• Problem requirements: Isolate every line in the records below with "object" in it.

[[ Information, beginning ]]

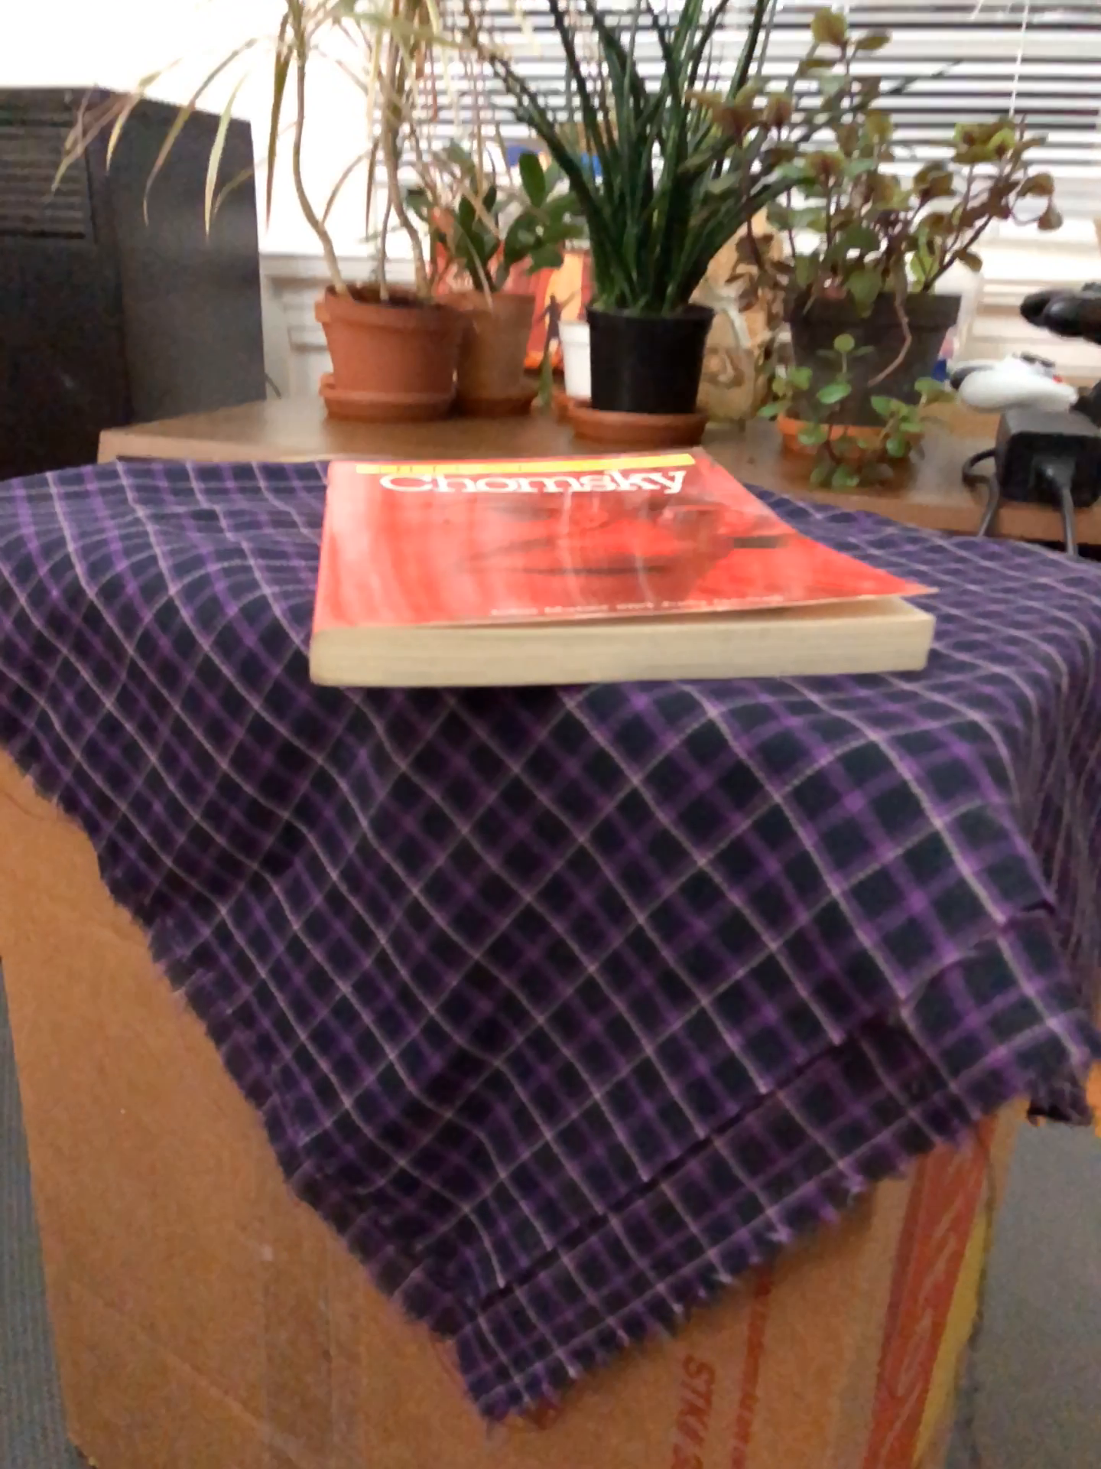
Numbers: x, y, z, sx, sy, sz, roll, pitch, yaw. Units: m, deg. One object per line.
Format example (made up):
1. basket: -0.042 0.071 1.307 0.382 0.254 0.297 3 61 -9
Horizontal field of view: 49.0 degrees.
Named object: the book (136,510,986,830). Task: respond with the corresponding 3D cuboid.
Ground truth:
1. book: -0.012 -0.035 0.367 0.180 0.020 0.241 -2 21 -9

[[ Information, end ]]

• Written reply:
Numbers: x, y, z, sx, sy, sz, roll, pitch, yaw. Units: m, deg. One object per line.
Named object: the book (136,510,986,830). Task: respond with the corresponding 3D cuboid.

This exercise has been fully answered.